Наваждение… Фата-моргана…
Огромная раскаленная плита земли как бы вставлена в хрупкую рамку из дышащих прохладой миражей.
Но в самом ли деле земля здесь, как показалось сначала, совсем не имеет примет?
Если оторваться от дальних просторов и неохватных масштабов, если перевести взор хотя бы на ближайший клочок почвы вокруг, то нельзя не увидеть приземистые лысые бугры, те самые, на которых машина громыхала бочками с плещущей в них водой.
Каждый холмик сам по себе нисколько не примечателен, в нем нет ничего особенного, но их много, и они слишком друг на друга похожи… Конечно же, не случайна правильная кривая линия этих одновершинных пологих глинистых наростов,
На земле вокруг голых бугров, по которым без задержки скользит ветер, топорщится кое-где чуть видная реденькая щетинка стерни и остатков травинок.
Между ними беспорядочно разбросаны серые лепные узоры, напоминающие рисунок мороза по стеклу: метелки, колосья, побеги с листочками… В одних узнается карликовая солянка, в других — крохотный мятлик, пастушья сумка, ромашка, верблюжья колючка.
Откуда же здесь эти воспроизведенные в глине миниатюрные растеньица? Как возникли колоски в футлярах из склеенных комочков грунта, эти как бы застывшие полые жилки из земли?
На хрупких глиняных узорах кое-где заметны следы птичьих когтей и лапок варана. Поверх серого плетения земляных футляров и трубок черными искрами проносятся во всех направлениях великаны муравьиного мира пустыни — легкие, длинноногие катаглифис, как они именуются в книгах, фаэтончики или бегунки, как их называют попроще. Чем ближе к муравейнику, тем больше вокруг бегунков, тем оживленнее они снуют. Горловина входа в муравьиное гнездо необычно широка, сюда свободно пройдет орех. Каждый ход заполнен кишащим месивом движущихся черных ножек, телец, голов, усиков. Муравьи-фуражиры волокут к гнезду зернышки и семена, трупы жучков, мушек, останки ос…
Выброшенный изнутри мельчайший песок окружает входы в муравейник неровным светлым кольцом.
Только теперь становится понятно, что и в этой пустыне есть своя, неброская флора и не сразу обнаруживаемая фауна — жизнь, которая открывает себя лишь при ближайшем рассмотрении.
Но если заглянуть в эту жизнь поглубже, не скользя взглядом по поверхности? Если, например, вскрыть один из пологих холмиков?
Не так это просто. С одной лопатой за дело лучше и не браться. Здесь, кроме нее, нужны стальной лом и тяжелая крепкая кирка.
Лом надо с размаху, изо всей силы и поглубже вогнать в вершинку купола, затем отколотую часть сразу отворотить и отбросить.
И что же?
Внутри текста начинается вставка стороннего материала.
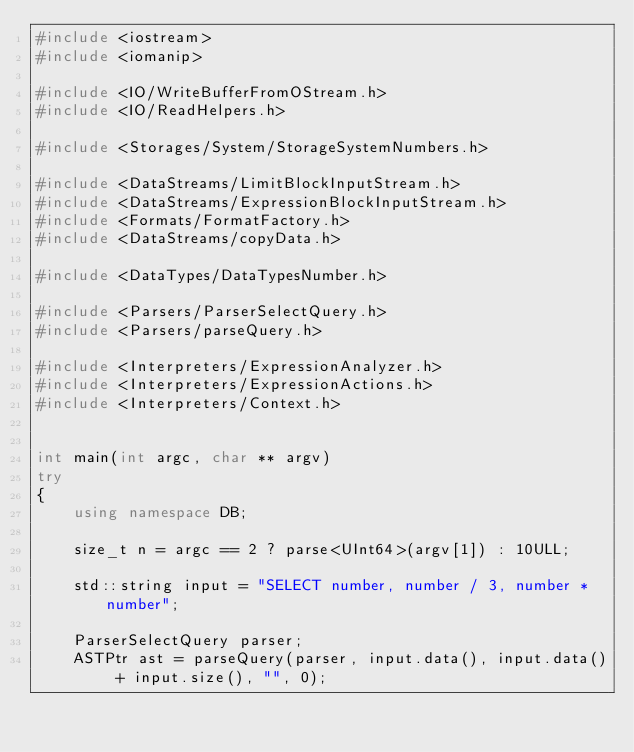Convert code to text. <code><loc_0><loc_0><loc_500><loc_500><_C++_>#include <iostream>
#include <iomanip>

#include <IO/WriteBufferFromOStream.h>
#include <IO/ReadHelpers.h>

#include <Storages/System/StorageSystemNumbers.h>

#include <DataStreams/LimitBlockInputStream.h>
#include <DataStreams/ExpressionBlockInputStream.h>
#include <Formats/FormatFactory.h>
#include <DataStreams/copyData.h>

#include <DataTypes/DataTypesNumber.h>

#include <Parsers/ParserSelectQuery.h>
#include <Parsers/parseQuery.h>

#include <Interpreters/ExpressionAnalyzer.h>
#include <Interpreters/ExpressionActions.h>
#include <Interpreters/Context.h>


int main(int argc, char ** argv)
try
{
    using namespace DB;

    size_t n = argc == 2 ? parse<UInt64>(argv[1]) : 10ULL;

    std::string input = "SELECT number, number / 3, number * number";

    ParserSelectQuery parser;
    ASTPtr ast = parseQuery(parser, input.data(), input.data() + input.size(), "", 0);
</code>

Под обтекаемым, зализанным снаружи куполом, подставляющим солнцу намертво пересушенную глину, открывается сплошная, во весь холм, черная пористая губка. Земля источена бесчисленными ходами и нишами, и в этих темных и сыроватых щелях и камерах беззвучно и неспешно шевелится живая масса — тысячи, многие тысячи небольших, каких-то бесцветных, белых, белесых насекомых.
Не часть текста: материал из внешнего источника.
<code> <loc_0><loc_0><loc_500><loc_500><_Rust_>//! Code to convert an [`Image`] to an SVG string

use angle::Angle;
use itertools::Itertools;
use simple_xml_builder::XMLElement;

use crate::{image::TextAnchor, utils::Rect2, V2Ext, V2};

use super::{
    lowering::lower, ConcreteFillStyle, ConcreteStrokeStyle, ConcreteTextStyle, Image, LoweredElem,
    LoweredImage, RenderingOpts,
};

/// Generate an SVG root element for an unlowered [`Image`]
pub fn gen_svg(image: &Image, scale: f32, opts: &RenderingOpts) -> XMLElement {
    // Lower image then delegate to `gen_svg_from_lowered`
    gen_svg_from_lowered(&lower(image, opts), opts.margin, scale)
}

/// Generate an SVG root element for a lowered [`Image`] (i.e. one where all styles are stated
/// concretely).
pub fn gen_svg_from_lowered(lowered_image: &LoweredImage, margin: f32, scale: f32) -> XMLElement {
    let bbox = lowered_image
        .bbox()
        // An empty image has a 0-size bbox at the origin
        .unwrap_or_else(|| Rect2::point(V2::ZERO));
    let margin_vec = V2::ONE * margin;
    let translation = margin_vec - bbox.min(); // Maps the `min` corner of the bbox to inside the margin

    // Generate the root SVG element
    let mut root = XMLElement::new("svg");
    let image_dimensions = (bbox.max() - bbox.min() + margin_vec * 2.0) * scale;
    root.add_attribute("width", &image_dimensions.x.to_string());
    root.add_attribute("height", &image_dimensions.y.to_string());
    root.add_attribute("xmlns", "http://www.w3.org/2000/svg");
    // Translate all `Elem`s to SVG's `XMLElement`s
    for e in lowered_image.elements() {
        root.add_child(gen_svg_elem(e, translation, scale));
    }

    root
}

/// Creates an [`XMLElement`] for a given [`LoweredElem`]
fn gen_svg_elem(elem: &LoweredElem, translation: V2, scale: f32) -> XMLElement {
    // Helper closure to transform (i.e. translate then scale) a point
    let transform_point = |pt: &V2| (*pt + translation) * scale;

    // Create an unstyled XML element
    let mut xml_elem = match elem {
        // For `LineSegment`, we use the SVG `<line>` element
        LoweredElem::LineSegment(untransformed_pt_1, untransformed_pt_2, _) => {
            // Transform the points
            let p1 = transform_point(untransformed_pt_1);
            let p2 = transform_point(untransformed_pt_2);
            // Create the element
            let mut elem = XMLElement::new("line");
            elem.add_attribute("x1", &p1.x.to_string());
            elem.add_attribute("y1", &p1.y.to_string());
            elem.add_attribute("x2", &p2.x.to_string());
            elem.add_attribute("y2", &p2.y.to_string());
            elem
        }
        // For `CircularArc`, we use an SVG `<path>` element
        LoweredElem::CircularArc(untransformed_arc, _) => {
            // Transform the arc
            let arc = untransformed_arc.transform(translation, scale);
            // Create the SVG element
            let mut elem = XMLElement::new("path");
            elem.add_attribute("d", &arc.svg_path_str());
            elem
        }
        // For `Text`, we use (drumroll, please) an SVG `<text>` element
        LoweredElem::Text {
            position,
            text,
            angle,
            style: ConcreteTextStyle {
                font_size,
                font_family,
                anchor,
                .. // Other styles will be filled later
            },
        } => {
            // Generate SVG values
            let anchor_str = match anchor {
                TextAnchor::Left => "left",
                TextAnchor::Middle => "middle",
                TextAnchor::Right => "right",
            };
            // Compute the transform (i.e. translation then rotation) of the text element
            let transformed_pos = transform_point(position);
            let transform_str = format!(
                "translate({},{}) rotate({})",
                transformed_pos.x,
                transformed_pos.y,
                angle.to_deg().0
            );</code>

В каждом самом ничтожном уголке развороченной части купола трепещет жизнь, только что вскрытая вторжением лома. Из глубины поднимаются, выходя на свет, то более темные, то головастые светлые шестиногие создания. Но с каждым мгновением их выбегает все меньше. Зато все больше насекомых уходит от заливающего их яркого света, от обжигающего жаркого ветра. Многие, сбившись в кучу, замерли, уткнувшись головой в тупички плоских норок. То там, то здесь, как бы приросшие к месту, приподнявшись на одной передней паре ног, странные существа поводят из стороны в сторону головой. Их большие темные челюсти широко раскрыты. Целые стайки неуклюжих насекомых с крохотной, меньше булавочной головки, головой блестят изящными продолговатыми крыльями, прикрывающими все тело. Они исчезают в глубине гнезда или судорожно забиваются в узкие ходы и ниши обломков купола. Сплошной бахромой выступают из продолговатых щелей, в которых они скучились, округлые концы крыльев. Ветер шевелит их.